El robot emitió un zumbido electrónico.
—Tan sólo un momento. Antes debemos solucionar el trámite del efecto de retrocarga.
—¿El efecto de retro... qué?
—Está programado en mis circuitos un proceso de alimentación energética que las razas inteligentes favorecidas deben proporcionar a los de mi clase, cumpliendo el principio filosófico de la compensación cósmica. Debes proporcionarme la energía psiónica de tu naturaleza.
—¡Un momento! —exclamó el espeleólogo, en tono de sospecha—. ¡Ya me imaginaba yo que habría una trampa por algún lado! ¿Qué es exactamente lo que tengo que darte?
—Simplemente poner a mi disposición el componente psíquico de tu esencia. ¿Entiendes? La fuerza energética inmaterial que hace funcionar las células de tu cuerpo y lo conecta con tu inteligencia. La energía de tu personalidad incorporal.
—No entiendo una patata de lo que dices —replicó el hombre—. Dime tan sólo una cosa: ¿qué efecto me producirá la extracción de esa fuerza mental o lo que sea?
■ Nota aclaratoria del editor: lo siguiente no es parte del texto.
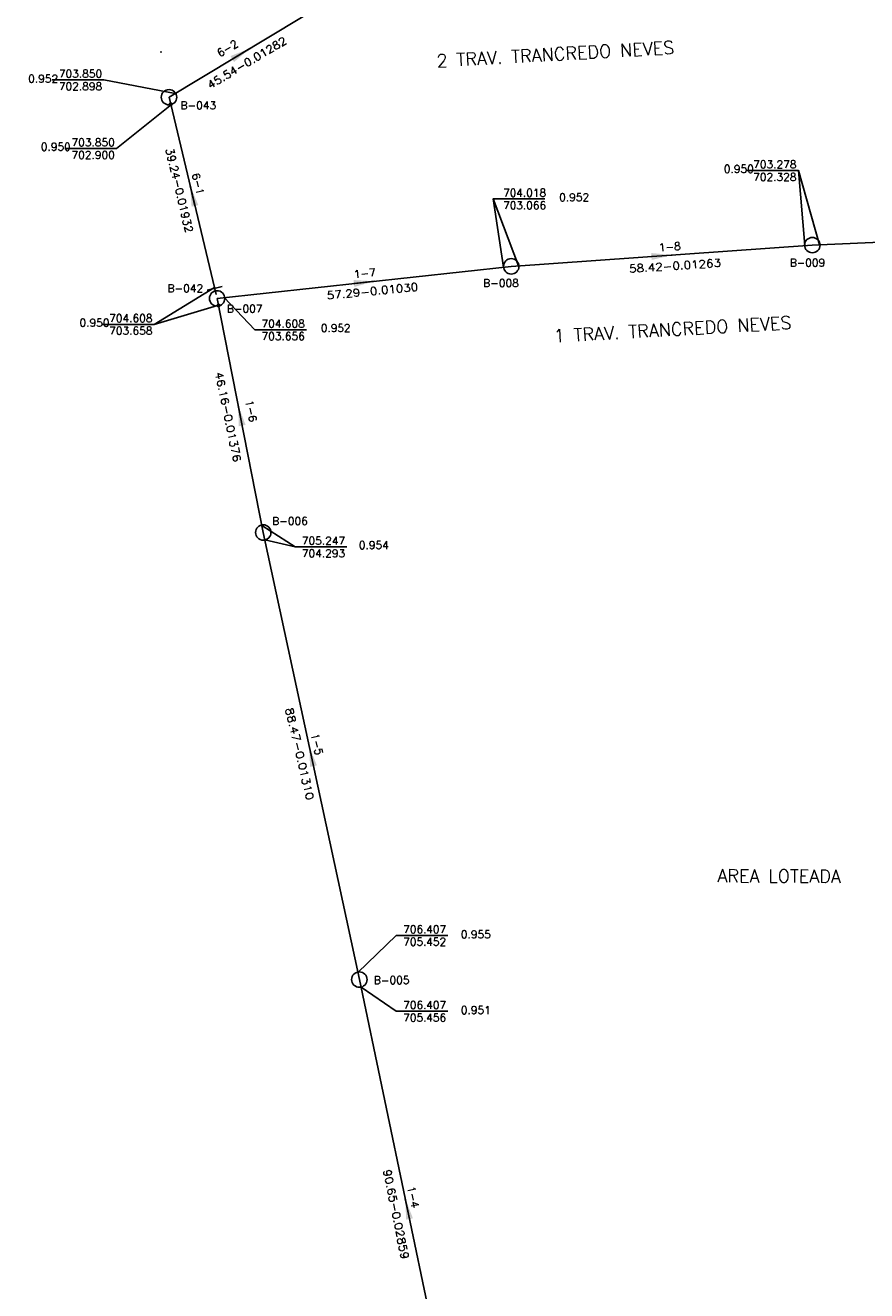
# Model space of a CAD drawing. Extents: x 197221 to 199539, y 8705820 to 8707465.
# Tile 2 of 33: x 197474 to 197637, y 8706048 to 8706293. Entities that reach past the tile are written whole.
import ezdxf
from ezdxf.enums import TextEntityAlignment as Align

# ---------------------------------------------------------------- set-up
doc = ezdxf.new("R2010")
doc.units = 0
doc.header["$LTSCALE"] = 5
doc.header["$MEASUREMENT"] = 0
doc.header["$PDSIZE"] = 0.3
doc.layers.get('0').update_dxf_attribs({"linetype": 'CONTINUOUS'})
for name, color, linetype in [('ESTACAO', 5, 'CONTINUOUS'), ('LIDER', 21, 'CONTINUOUS'), ('NUMEROTRECHO', 24, 'CONTINUOUS'), ('NUMPV', 24, 'CONTINUOUS'), ('PL', 23, 'CONTINUOUS'), ('PV', 23, 'CONTINUOUS'), ('REDE', 20, 'CONTINUOUS'), ('SETA', 21, 'CONTINUOUS'), ('TEXTOPVS', 24, 'CONTINUOUS'), ('TEXTOTRECHO', 24, 'CONTINUOUS'), ('TXT_NRUA', 3, 'CONTINUOUS')]:
    doc.layers.add(name, color=color, linetype=linetype)
doc.layers.get('0').freeze()
doc.styles.add('GEOSIS', font='ROMANS.SHX')
doc.styles.add('ROMANS', font='romans.shx', dxfattribs={"width": 0.85})
doc.styles.get("Standard").update_dxf_attribs({"font": 'romans.shx'})

# ---------------------------------------------------------------- blocks, each defined once
blk = doc.blocks.new('SETA')
blk.add_line((2, 0), (-2, 0))
blk.add_solid([(-2, -0.67), (-2, 0.67), (2, 0)])
blk = doc.blocks.new('PV')
blk.add_circle((0, 0), 1.49)
blk = doc.blocks.new('NODG')
at = {"const_width": 1}
blk.add_lwpolyline([(-0.5, 0, 1), (0.5, 0, 1)], format="xyb", close=True, dxfattribs=at)
blk = doc.blocks.new('PL')
at = {"layer": 'PL'}
blk.add_line((2.01, 1.49), (2.01, -1.49), dxfattribs=at)
blk.add_circle((0, 0), 1.49, dxfattribs=at)

msp = doc.modelspace()

# ---------------------------------------------------------------- linework, layer by layer
at = {"layer": 'ESTACAO'}
msp.add_point((197500.63, 8706287.92, 703.05), dxfattribs=at)
at = {"layer": 'LIDER'}
for p, q in [((197624.02, 8706264.98, 703.06), (197625.22, 8706250.47)), ((197564.9, 8706259.49, 704.02), (197566.91, 8706246.29)), ((197499.25, 8706235.23, 704.61), (197511.53, 8706238.88, 705.25)), ((197526.56, 8706192.17, 705.25), (197520.67, 8706193.58))]:
    msp.add_line(p, q, dxfattribs=at)
for points, elevation in [([(197503.35, 8706279.9), (197489.52, 8706282.52), (197479.52, 8706282.52)], 703.85), ([(197502.66, 8706277.75), (197491.97, 8706269.24), (197481.97, 8706269.24)], 703.85), ([(197628.09, 8706250.62), (197624.02, 8706264.98), (197614.02, 8706264.98)], 703.06), ([(197569.81, 8706246.56), (197564.9, 8706259.49), (197574.9, 8706259.49)], 704.02), ([(197510.95, 8706242.37), (197499.25, 8706235.23), (197489.25, 8706235.23)], 704.61), ([(197512.85, 8706240.41), (197518.74, 8706234.18), (197528.74, 8706234.18)], 704.61), ([(197520.13, 8706196.34), (197526.56, 8706192.17), (197536.56, 8706192.17)], 705.25), ([(197538.71, 8706109.84), (197546.13, 8706117.01), (197556.13, 8706117.01)], 710.05), ([(197539.33, 8706107.02), (197546.13, 8706102.35), (197556.13, 8706102.35)], 710.05)]:
    msp.add_lwpolyline(points, dxfattribs=dict(at, elevation=elevation))
at = {"layer": 'REDE'}
for p, q in [((197502.15, 8706279.18, 703.85), (197541.15, 8706302.69, 703.27)), ((197511.27, 8706241.01, 704.61), (197502.15, 8706279.18, 703.85)), ((197626.69, 8706250.57, 703.28), (197676.1, 8706252.66, 700.75)), ((197568.41, 8706246.46, 704.02), (197626.69, 8706250.57, 703.28)), ((197511.46, 8706240.26, 704.61), (197568.41, 8706246.46, 704.02)), ((197520.4, 8706194.97, 705.25), (197511.46, 8706240.26, 704.61)), ((197539, 8706108.47, 706.41), (197520.4, 8706194.97, 705.25)), ((197557.61, 8706019.76, 709), (197539, 8706108.47, 706.41))]:
    msp.add_line(p, q, dxfattribs=at)

# ---------------------------------------------------------------- block references
at = {"layer": 'LIDER', "xscale": 0.4, "yscale": 0.4, "zscale": 0.4}
for p in [(197502.47, 8706277.82, 704.61), (197511.73, 8706238.88, 705.25)]:
    msp.add_blockref('NODG', p, dxfattribs=at)
at = {"layer": 'PL', "rotation": 103.4454880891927}
msp.add_blockref('PL', (197511.46, 8706240.26, 704.61), dxfattribs=at)
at = {"layer": 'PV'}
for p, rotation in [((197502.15, 8706279.18, 703.85), 68.57602458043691), ((197626.69, 8706250.57), 63.35980753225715), ((197568.41, 8706246.46), 68.5760245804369), ((197520.4, 8706194.97), 23.86094481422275), ((197539, 8706108.47), 32.10958231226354)]:
    msp.add_blockref('PV', p, dxfattribs=dict(at, rotation=rotation))
at = {"layer": 'SETA'}
for p, rotation in [((197516.11, 8706287.6), 31.08438969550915), ((197506.71, 8706260.1), 103.4597692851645), ((197597.55, 8706248.51), 4.027215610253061), ((197539.94, 8706243.36), 6.220480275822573), ((197515.93, 8706217.61), 101.1742359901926), ((197529.7, 8706151.72), 102.1521614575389), ((197548.3, 8706064.12), 101.859850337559)]:
    msp.add_blockref('SETA', p, dxfattribs=dict(at, rotation=rotation))

# ---------------------------------------------------------------- texts
at = {"layer": 'NUMEROTRECHO', "style": 'ROMANS'}
for s, rotation, p in [('6-2', 31.08, (197513.86, 8706288.01)), ('6-1', 283.4457, (197507.02, 8706262.23)), ('1-8', 4.0267, (197599.14, 8706249.51)), ('1-7', 6.2196, (197540.13, 8706244.37)), ('1-6', 281.1605, (197517.31, 8706218.33)), ('1-5', 282.1382, (197530.06, 8706153.85)), ('1-4', 281.846, (197548.68, 8706066.24))]:
    msp.add_text(s, height=1.5, rotation=rotation, dxfattribs=at).set_placement(p, align=Align.CENTER)
at = {"layer": 'NUMPV', "style": 'ROMANS'}
for s, p in [('B-043', (197507.83, 8706276.87)), ('B-009', (197625.75, 8706246.41)), ('B-008', (197566.41, 8706242.48)), ('B-042', (197505.33, 8706241.46)), ('B-007', (197516.79, 8706237.51)), ('B-006', (197525.56, 8706196.44)), ('B-005', (197545.27, 8706107.61))]:
    msp.add_text(s, height=1.5, dxfattribs=at).set_placement(p, align=Align.CENTER)
at = {"layer": 'TEXTOPVS', "style": 'ROMANS'}
for s, p in [('   0.952', (197476.1, 8706281.55)), (' 703.850', (197484.52, 8706282.52)), (' 702.898', (197484.52, 8706280.09)), (' 703.850', (197486.97, 8706269.24)), ('   0.950', (197478.54, 8706268.39)), (' 702.900', (197486.97, 8706266.82)), ('   0.950', (197610.78, 8706264.12)), (' 703.278', (197618.9, 8706264.98)), (' 702.328', (197618.9, 8706262.55)), (' 704.018', (197570.48, 8706259.49)), (' 703.066', (197570.48, 8706257.06)), ('   0.952', (197578.9, 8706258.63)), ('   0.950', (197486.03, 8706234.37)), (' 704.608', (197494.25, 8706235.23)), (' 703.658', (197494.25, 8706232.8)), (' 704.608', (197523.74, 8706234.18)), ('   0.952', (197532.74, 8706233.32)), (' 703.656', (197523.74, 8706231.75)), (' 705.247', (197531.56, 8706192.17)), ('   0.954', (197540.13, 8706191.32)), (' 704.293', (197531.56, 8706189.74)), (' 706.407', (197551.13, 8706117.01)), (' 705.452', (197551.13, 8706114.58)), ('   0.955', (197559.88, 8706116.03)), (' 706.407', (197551.13, 8706102.35)), (' 705.456', (197551.13, 8706099.92)), ('   0.951', (197559.88, 8706101.36))]:
    msp.add_text(s, height=1.5, dxfattribs=at).set_placement(p, align=Align.BOTTOM_CENTER)
at = {"layer": 'TEXTOTRECHO'}
for s, rotation, width, p, p2 in [('45.54-0.01282   ', 30.927, 0.944772, (197510.13, 8706280.73), (197528.02, 8706291.45)), ('39.24-0.01932   ', 283.447, 0.906163, (197501.47, 8706269.12), (197506.12, 8706249.67)), ('58.42-0.01263   ', 3.7844, 0.964464, (197591.27, 8706245.23), (197612.51, 8706246.64)), ('57.29-0.01030   ', 5.5143, 0.960416, (197532.78, 8706240.07), (197553.88, 8706242.11)), ('46.16-0.01376   ', 281.7255, 0.960293, (197511.05, 8706225.86), (197515.36, 8706205.11)), ('88.47-0.01310   ', 283.0154, 0.988846, (197524.66, 8706160.87), (197529.58, 8706139.6)), ('90.65-0.02859   ', 281.5927, 0.958024, (197543.6, 8706071.57), (197547.85, 8706050.86))]:
    msp.add_text(s, height=1.5, rotation=rotation, dxfattribs=dict(at, width=width)).set_placement(p, p2, align=Align.FIT)
at = {"layer": 'TXT_NRUA', "style": 'GEOSIS'}
for s, rotation, p in [('2 TRAV. TRANCREDO NEVES', 3.2829, (197554.06, 8706284.21)), ('1 TRAV. TRANCREDO NEVES', 3.2829, (197576.74, 8706230.97)), ('AREA LOTEADA', 359.749, (197608.31, 8706126.56)), ('AREA LOTEADA', 359.749, (197608.31, 8706126.56))]:
    msp.add_text(s, height=2.5, rotation=rotation, dxfattribs=at).set_placement(p, align=Align.BOTTOM_LEFT)

doc.saveas('drawing.dxf')

Porque si me voy a quedar idiota, poco podré disfrutar de todo lo que me has ofrecido.
—No me entiendes —aclaró el robot—. No te voy a quitar nada ahora. Desde luego que ese efecto de retrocarga de energía psiónica no tendrá lugar hasta después que mueras, tras la larga vida que te he prometido.
—¡Ah, eso es distinto! —rió el hombre—. Después que esté muerto como si quieres sacarme el hígado. Para lo que me importará entonces...
—Pues si no te importara, todo está ya aclarado. Si quieres acercarte a mi micrófono central, para perforar la cinta referente al asunto de la retrocarga. Repite conmigo...
A-16 alargó a su jefe la cinta perforada.
—Lo único que siento es que no está firmada con sangre —se disculpó—. No hubiera sido propio...
—¡Al Arcángel con todas esas majaderías pasadas de moda! —rugió alegremente el otro—. Un contrato siempre es un contrato, y un alma siempre es un alma.
Se inclinó, benévolo, hacia su subordinado.
—¡El primer contrato de venta que logramos extender en los últimos trescientos años! —exclamó—. Esa idea tuya de la ciencia-ficción te valdrá un ascenso inmediato al Círculo Inferior.
A-16 había abandonado su forma metálica, adquiriendo su habitual aspecto con cuernos, pezuñas, alas de murciélago y tridente en garra. Aunque sus ideas comerciales eran avanzadas, a su modo seguía siendo un demonio clásico.
—Uno debe trabajar de acuerdo con los tiempos —sonrió modestamente.